In the field of big data，many olap engine already support “accurate distinct” ,such as kylin，clickhouse。Those engine can calculate Ultra High Cardinality(billion level ) in less than a second 。Dose elasticsearch has any plan to support this feature？In my company，almost all businesses need “accurate distinct”。I think many elasticsearch's user has this requirement。
Elasticsearch aggregations work in near-real time on the data that is available in the cluster and results change as data is being indexed, updated or removed. Running accurate distinct queries efficiently across large amounts of data distributed across large number of nodes is prohibitively expensive, so you always need to make a trade-off. You can generally achieve at most two of these (fast queries, handle large amounts of data and having accurate results) and Elasticsearch often chooses to sacrifice accuracy in favour of querying large data volumes fast.
Different systems however make different trade-offs. I am no expert on OLAP tools but believe they often create a view/cube by processing a snapshot of the data at a point in time that then can be navigated and support these types of queries efficiently. Creating this OLAP cube can however take considerable time and it is only once it is created you benefit from fast queries. Once it has been created it also needs to be updated in order to not grow more and more stale. If the cube does not cover all aspects of your data you may need to create new ones for different types of queries. The data that forms part of the cube can be accurately queried, but that may not always represent the current state of the data. This is great for e.g. reporting, when you are looking at older data but may not be ideal if you want to analyze what is going on right now.

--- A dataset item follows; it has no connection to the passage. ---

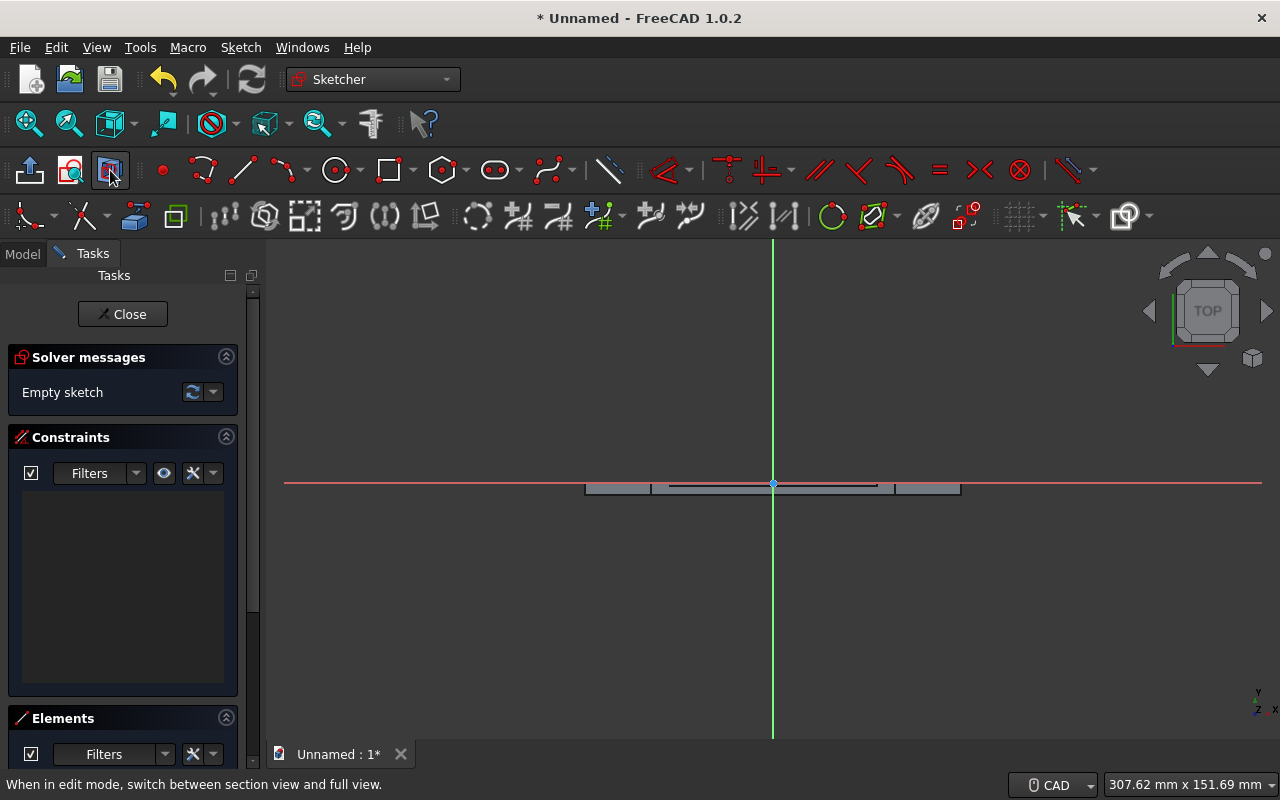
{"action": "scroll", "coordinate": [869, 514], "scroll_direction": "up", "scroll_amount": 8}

I would recommend you use the solution that best fits your needs as I do not believe you can find any system that does not make some kind of trade-off. This is something Mark Hardwood is better at explaining and he has discussed it numerous times here if I remember correctly, but I only found this thread so far.
I don't think so，many OLAP engine doesn't use cube to pre-aggregate， such as clickhouse，they are realtime。
Now ，elasticSearch use HLL to calculates an approximate count of distinct values，but the
precision_threshold maximum supported value is 40000，it‘s too small。
Even though es does not plan to support “accurate distinct”，I think the
should be bigger 。In the field of big data ,
40000 is to small。
If you have data distributed across a large number of nodes and are looking to accurately find the cardinality of a specific field that has high cardinality, information about all values basically need to be gathered and compared which means a lot of data need to be transferred especially when you want to support cardinality aggregation combined with filters. This puts strain on networks and require a lot of processing, which is why Elasticsearch uses HLL. I guess it could be possible to instead maintain a central dictionary per field that can be used to calculate cardinality, but this can get large in a large system and instead requires a lot of data to flow between nodes at index/update time instead, potentially slowing this down. It would also be hard to combine with arbitrary filters at the document level. I do not know Clickhouse, so do not know which trade-off they have made, but given physical limitations I am pretty sure some has been made.
Let's not discuss “accurate distinct”，now that elasticsearch have used HLL， why not consider adjusting the maximum value of
precision_threshold . This will satisfy users who need more precise results.
I do not know how the threshold of 40000 was selected nor how increasing this would impact on performance and memory usage, so will need to leave that to someone else. Given that cardinality aggregations can be nested under other aggregations means that even a small increase in size per HLL could result in substantially more memory being used overall.
Worth noting that result sizes lower than the precision threshold aren’t guaranteed to be 100% accurate either. The threshold marks the change in counting strategy from using hashes (which conceivably could have collisions) to HLL. Crossing the threshold is a change in probability of inaccuracy and required memory.
The whole feature and others are built on the premise that we pick FB out of the “Fast, Accurate, Big - pick 2” trade off.
What I want to say is that this parameter should be flexible for users to adjust, not limited.So that users can adjust this parameter according to their own server resources.
And what guarantee would that higher threshold bring in light of my last statement?
May be higher accuracy
So still not a solution?
Of course solved，most businesses use other solutions.But a small part of the business on elasticsearch recently raised such demands of “accurate distinct”.
One way to get around this may be to create one or more entity-centric indices so you can filter and do a count instead of use cardinality aggregations. It will take up more disk space but could be accurate and fast. The new transform api might be useful here.
Of course the transform API or any other form of heavy-lifting computation trying to increase precision will trade timeliness for accuracy so your "100% correct" answers will be "100% accurate as of [some time ago]".
This topic was automatically closed 28 days after the last reply. New replies are no longer allowed.